Description of the task:
Repeat every entry exactly. Do not include the pictures.

* * * * *

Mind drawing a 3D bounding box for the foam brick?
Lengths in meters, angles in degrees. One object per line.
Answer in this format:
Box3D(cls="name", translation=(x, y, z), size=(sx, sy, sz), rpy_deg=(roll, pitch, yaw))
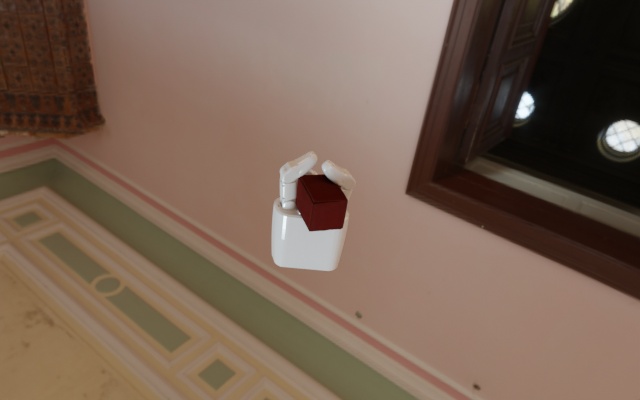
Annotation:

* * * * *

Written answer:
Mind drawing a 3D bounding box for the foam brick?
Lengths in meters, angles in degrees. One object per line.
Answer in this format:
Box3D(cls="name", translation=(x, y, z), size=(sx, sy, sz), rpy_deg=(roll, pitch, yaw))
Annotation:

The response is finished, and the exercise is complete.